Citi has a 115 year history in India and services over 1,400 large local corporate and multinational clients. Citi moves 5.9% of the country’s payment flows, offering a single unified channel across all payment types in India. Citi is responsible for 14.6% of FX flows in India (the largest share in the onshore market). Citi was the first bank to launch end-to-end paperless cross-border and trade payments following a change in The Reserve Bank of India (RBI) regulations.
As India’s economy rapidly evolves, the requirements of both large domestic corporates and international firms entering the market are changing. Citi is committed to innovation and is at the forefront of many new technologies. For example, Citi is a market leader in complex receivables implementations in India: Citi can offer auto-reconciliation across all forms of collections (wires and physical), including eCollect, ACH-onCall and Smart Recon.
There are several initiatives underway to digitize trade in India: Citi offers a deep digital penetration in corporate trade services with 45% of letters of credit and 21% of domestic trade finance online. And India’s Immediate Payment Service is among the most effective faster payments schemes in the world: Citi Application Programming Interfaces (APIs) enable instant payments from client applications.
Citi is also an innovator in virtual cards, cross-border e-commerce and mobile banking for corporates in India: it offered the first mobile app to enable authorizers to transact with a single device anytime, anywhere and has more than 1,000 corporates live on mobile banking channels. Moreover, Citi is now leveraging artificial intelligence to deliver cost and resource reductions and enhance clients’ experience.
Supporting Global companies and their Indian subsidiaries
In contrast to many global banks, Citi’s local capabilities in India provide support in line with that offered by many domestic private or state-owned banks: Citi has over 200 seasoned bankers, service managers and product specialists on the ground.
Citi’s presence delivers tangible benefits to the many MNCs that operate IT, IT-enabled services, business payment outsourcing, knowledge process outsourcing or research and development entities in India, which work as captive centers of an overseas parent. Typically, these Indian subsidiaries receive monthly remittances from their parent company in foreign currency to manage costs and overheads.

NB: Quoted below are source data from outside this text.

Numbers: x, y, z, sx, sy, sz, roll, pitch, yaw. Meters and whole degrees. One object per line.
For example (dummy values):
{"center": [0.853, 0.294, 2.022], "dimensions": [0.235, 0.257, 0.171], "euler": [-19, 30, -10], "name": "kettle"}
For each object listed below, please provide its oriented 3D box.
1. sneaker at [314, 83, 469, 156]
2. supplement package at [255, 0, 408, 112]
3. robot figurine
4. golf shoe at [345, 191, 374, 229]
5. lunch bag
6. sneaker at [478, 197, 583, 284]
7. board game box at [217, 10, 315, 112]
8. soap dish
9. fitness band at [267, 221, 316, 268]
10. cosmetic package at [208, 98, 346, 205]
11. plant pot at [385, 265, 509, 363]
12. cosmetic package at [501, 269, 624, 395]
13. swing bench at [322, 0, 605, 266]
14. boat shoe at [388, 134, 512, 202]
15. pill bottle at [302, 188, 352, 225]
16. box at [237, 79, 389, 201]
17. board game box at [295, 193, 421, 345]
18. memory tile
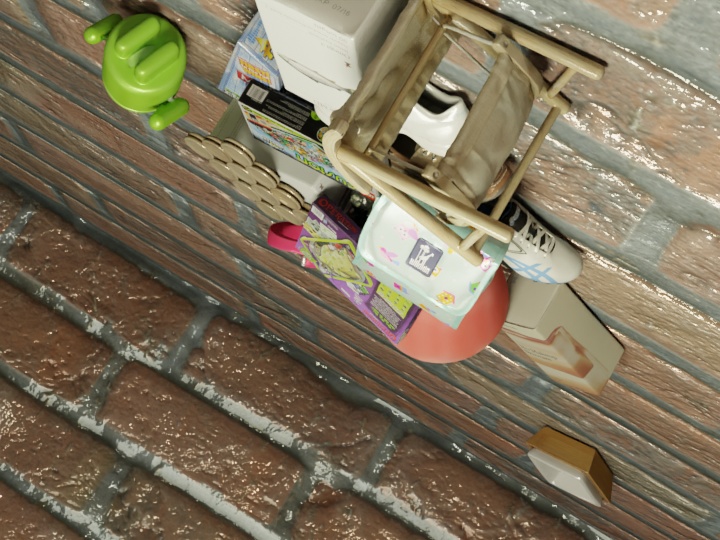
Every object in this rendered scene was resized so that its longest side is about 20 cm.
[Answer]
{"center": [0.036, -0.198, 1.396], "dimensions": [0.197, 0.076, 0.089], "euler": [14, 150, 18], "name": "sneaker"}
{"center": [-0.016, -0.248, 1.208], "dimensions": [0.116, 0.118, 0.200], "euler": [27, 166, 15], "name": "supplement package"}
{"center": [-0.307, -0.290, 1.714], "dimensions": [0.176, 0.115, 0.200], "euler": [50, 166, -5], "name": "robot figurine"}
{"center": [0.010, -0.064, 1.682], "dimensions": [0.077, 0.088, 0.201], "euler": [46, 132, 13], "name": "golf shoe"}
{"center": [0.085, -0.028, 1.475], "dimensions": [0.169, 0.123, 0.200], "euler": [32, 166, 3], "name": "lunch bag"}
{"center": [0.203, -0.047, 1.545], "dimensions": [0.198, 0.073, 0.072], "euler": [31, 160, -9], "name": "sneaker"}
{"center": [-0.090, -0.242, 1.522], "dimensions": [0.198, 0.062, 0.200], "euler": [31, 167, 6], "name": "board game box"}
{"center": [0.455, 0.420, 2.606], "dimensions": [0.156, 0.082, 0.200], "euler": [23, 164, 35], "name": "soap dish"}
{"center": [-0.046, -0.037, 1.871], "dimensions": [0.197, 0.038, 0.144], "euler": [7, -164, -13], "name": "fitness band"}
{"center": [-0.100, -0.174, 1.682], "dimensions": [0.198, 0.114, 0.081], "euler": [27, 167, 27], "name": "cosmetic package"}
{"center": [0.110, -0.002, 1.685], "dimensions": [0.199, 0.201, 0.178], "euler": [26, 155, 22], "name": "plant pot"}
{"center": [0.291, 0.092, 1.793], "dimensions": [0.103, 0.088, 0.200], "euler": [17, 160, 51], "name": "cosmetic package"}
{"center": [0.090, -0.148, 1.151], "dimensions": [0.199, 0.200, 0.130], "euler": [32, 167, -1], "name": "swing bench"}
{"center": [0.091, -0.138, 1.461], "dimensions": [0.198, 0.076, 0.072], "euler": [20, 161, 35], "name": "boat shoe"}
{"center": [-0.057, -0.115, 1.789], "dimensions": [0.198, 0.112, 0.111], "euler": [29, 167, 9], "name": "pill bottle"}
{"center": [-0.054, -0.160, 1.521], "dimensions": [0.198, 0.035, 0.110], "euler": [28, 166, 15], "name": "box"}
{"center": [0.000, 0.000, 1.631], "dimensions": [0.200, 0.032, 0.120], "euler": [44, 145, 10], "name": "board game box"}
{"center": [-0.145, -0.125, 1.683], "dimensions": [0.200, 0.017, 0.152], "euler": [43, 164, -34], "name": "memory tile"}
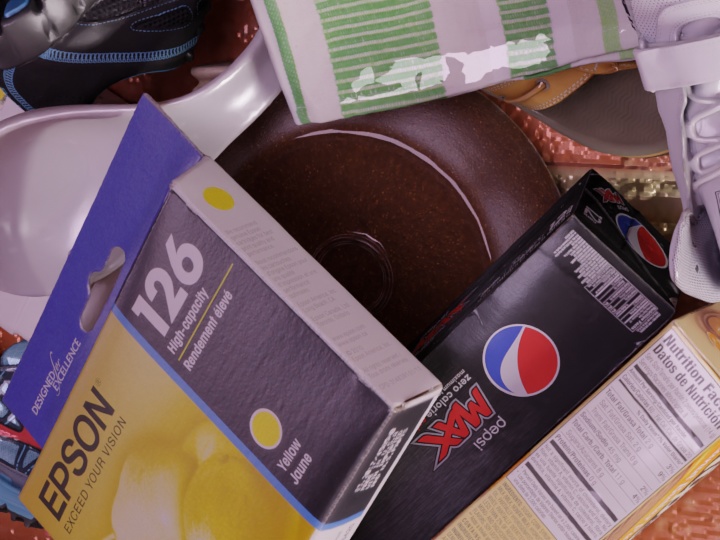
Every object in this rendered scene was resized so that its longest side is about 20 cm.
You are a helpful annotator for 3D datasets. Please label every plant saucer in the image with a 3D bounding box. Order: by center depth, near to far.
[{"bbox_3d":[0.000,0.000,1.103,0.200,0.037,0.201,4,104,16],"label":"plant saucer"}]

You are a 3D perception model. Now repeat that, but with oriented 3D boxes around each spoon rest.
[{"bbox_3d":[-0.106,-0.061,1.083,0.200,0.099,0.061,-38,36,4],"label":"spoon rest"}]

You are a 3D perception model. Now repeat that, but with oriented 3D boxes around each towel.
[{"bbox_3d":[0.045,-0.140,0.990,0.199,0.023,0.153,-9,123,17],"label":"towel"}]

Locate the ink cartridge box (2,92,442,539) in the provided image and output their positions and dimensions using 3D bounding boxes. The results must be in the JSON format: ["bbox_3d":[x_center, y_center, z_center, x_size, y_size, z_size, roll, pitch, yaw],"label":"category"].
[{"bbox_3d":[-0.081,0.060,1.041,0.200,0.047,0.198,43,125,21],"label":"ink cartridge box"}]

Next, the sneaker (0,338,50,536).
[{"bbox_3d":[-0.159,0.078,1.195,0.199,0.079,0.096,14,101,25],"label":"sneaker"}]

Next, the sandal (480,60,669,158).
[{"bbox_3d":[0.076,-0.109,1.061,0.200,0.054,0.081,29,109,22],"label":"sandal"}]

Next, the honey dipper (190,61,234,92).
[{"bbox_3d":[-0.058,-0.002,1.156,0.038,0.038,0.201,0,98,28],"label":"honey dipper"}]

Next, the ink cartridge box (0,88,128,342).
[{"bbox_3d":[-0.177,-0.048,1.195,0.200,0.067,0.117,36,111,21],"label":"ink cartridge box"}]

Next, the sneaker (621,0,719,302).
[{"bbox_3d":[0.152,-0.063,0.941,0.075,0.115,0.200,-13,133,22],"label":"sneaker"}]

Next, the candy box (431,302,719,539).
[{"bbox_3d":[0.105,0.095,1.037,0.200,0.115,0.055,-46,77,25],"label":"candy box"}]

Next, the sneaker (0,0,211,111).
[{"bbox_3d":[-0.093,-0.147,1.120,0.200,0.082,0.073,-33,39,-5],"label":"sneaker"}]

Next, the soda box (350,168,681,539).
[{"bbox_3d":[0.053,0.050,1.040,0.063,0.071,0.200,44,113,-5],"label":"soda box"}]
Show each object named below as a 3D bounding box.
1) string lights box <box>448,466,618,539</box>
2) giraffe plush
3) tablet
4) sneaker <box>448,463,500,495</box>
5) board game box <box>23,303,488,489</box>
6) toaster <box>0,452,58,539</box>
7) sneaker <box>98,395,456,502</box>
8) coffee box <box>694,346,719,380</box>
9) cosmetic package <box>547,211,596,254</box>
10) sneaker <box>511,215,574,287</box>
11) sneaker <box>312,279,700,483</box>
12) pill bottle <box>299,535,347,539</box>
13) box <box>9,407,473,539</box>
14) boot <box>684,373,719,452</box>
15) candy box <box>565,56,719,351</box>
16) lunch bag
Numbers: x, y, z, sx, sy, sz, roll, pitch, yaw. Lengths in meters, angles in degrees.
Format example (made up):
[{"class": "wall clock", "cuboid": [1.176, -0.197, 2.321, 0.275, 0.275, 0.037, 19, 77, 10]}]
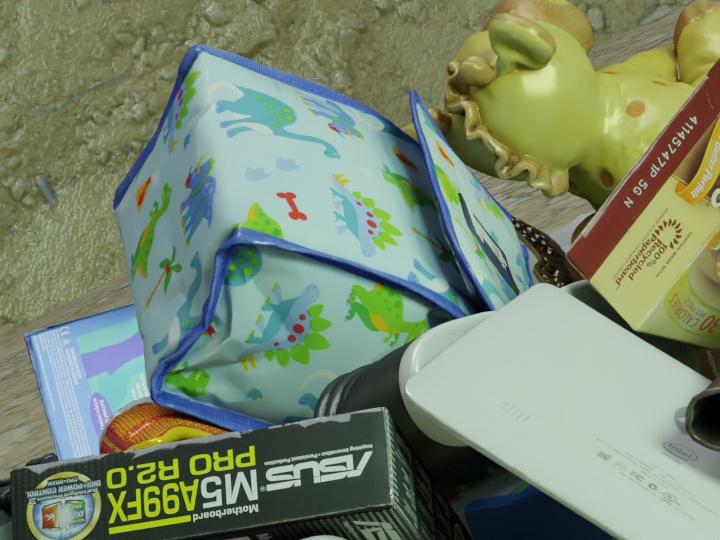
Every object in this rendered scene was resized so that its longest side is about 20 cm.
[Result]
[{"class": "string lights box", "cuboid": [0.136, 0.102, 1.309, 0.103, 0.059, 0.200, -29, 10, -39]}, {"class": "giraffe plush", "cuboid": [0.111, -0.074, 1.495, 0.173, 0.162, 0.200, -62, 13, 22]}, {"class": "tablet", "cuboid": [0.127, 0.075, 1.171, 0.130, 0.200, 0.014, -33, -30, -53]}, {"class": "sneaker", "cuboid": [0.078, 0.104, 1.491, 0.093, 0.070, 0.200, -53, 22, -24]}, {"class": "board game box", "cuboid": [-0.054, 0.065, 1.451, 0.199, 0.045, 0.152, -16, 41, -5]}, {"class": "toaster", "cuboid": [-0.194, 0.177, 1.508, 0.200, 0.130, 0.114, -18, 10, 40]}, {"class": "sneaker", "cuboid": [-0.026, 0.117, 1.346, 0.199, 0.073, 0.077, 16, 11, -21]}, {"class": "coffee box", "cuboid": [0.173, 0.048, 1.627, 0.199, 0.044, 0.123, -26, 8, -16]}, {"class": "cosmetic package", "cuboid": [0.165, -0.006, 1.655, 0.082, 0.051, 0.200, -27, 9, -32]}, {"class": "sneaker", "cuboid": [0.087, 0.037, 1.595, 0.090, 0.067, 0.200, -57, 24, 10]}, {"class": "sneaker", "cuboid": [0.059, 0.054, 1.288, 0.200, 0.071, 0.099, -6, -14, -46]}, {"class": "pill bottle", "cuboid": [-0.079, 0.183, 1.179, 0.199, 0.114, 0.113, -19, 9, 28]}, {"class": "box", "cuboid": [-0.041, 0.123, 1.244, 0.160, 0.044, 0.200, -9, -25, 11]}, {"class": "boot", "cuboid": [0.241, 0.049, 1.184, 0.199, 0.073, 0.166, 9, 23, 18]}, {"class": "candy box", "cuboid": [0.190, -0.020, 1.311, 0.116, 0.055, 0.200, -52, -32, 17]}, {"class": "lunch bag", "cuboid": [0.000, 0.000, 1.377, 0.128, 0.199, 0.170, -58, 25, 27]}]
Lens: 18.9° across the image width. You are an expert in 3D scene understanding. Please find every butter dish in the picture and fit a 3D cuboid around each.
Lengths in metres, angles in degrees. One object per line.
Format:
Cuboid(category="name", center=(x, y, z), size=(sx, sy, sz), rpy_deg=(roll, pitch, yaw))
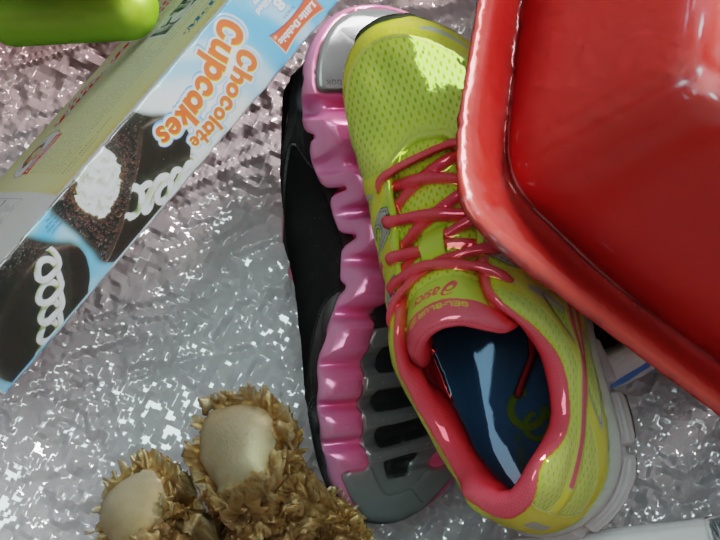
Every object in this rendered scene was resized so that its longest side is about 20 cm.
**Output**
Cuboid(category="butter dish", center=(0.147, -0.065, 0.751), size=(0.200, 0.148, 0.200), rpy_deg=(35, 44, -26))

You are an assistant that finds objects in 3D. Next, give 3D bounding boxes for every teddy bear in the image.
Cuboid(category="teddy bear", center=(-0.017, 0.137, 0.815), size=(0.200, 0.067, 0.145), rpy_deg=(38, 104, 5))

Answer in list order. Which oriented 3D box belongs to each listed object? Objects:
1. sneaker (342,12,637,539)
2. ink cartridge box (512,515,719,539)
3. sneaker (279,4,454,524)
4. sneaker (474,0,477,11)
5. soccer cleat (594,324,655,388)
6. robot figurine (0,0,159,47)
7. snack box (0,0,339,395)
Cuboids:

Citi is able to effectively service these companies because of the depth and breadth of its operation in India.
Leveraging Citi’s global and local capabilities
Citi recently won a mandate for a leading US player in the generic pharmaceutical industry. While the parent company in the US has an established banking relationship with another international bank, including a significant lending relationship, it approached Citi to discuss banking services for its Indian subsidiary.
Its specific requests were:
- To migrate from manually executed banking activities to an electronic and automated platform
- To minimize the burden of documentation associated with its significant volumes of cross-border trade
- To potentially implement a digital payment solution through its Enterprise resource planning (ERP) system
- To improve efficiency and automation
- To enjoy a high quality service that meets its banking needs
Citi worked with the client locally to understand its key requirements while coordinating with the parent account management team, including meeting the company’s management during a roadshow visit. A series of integrated customized solutions were proposed to meet the company’s needs, including CitiDirect® via a host-to-host connection to facilitate auto-reconciliation and digital domestic and cross-border flows. The solution allows the CFO, based in the US, to monitor accounts in India, the US and EMEA through a single platform. Citi’s local branch presence, competitive pricing and superior value proposition were crucial to Citi’s winning the mandate.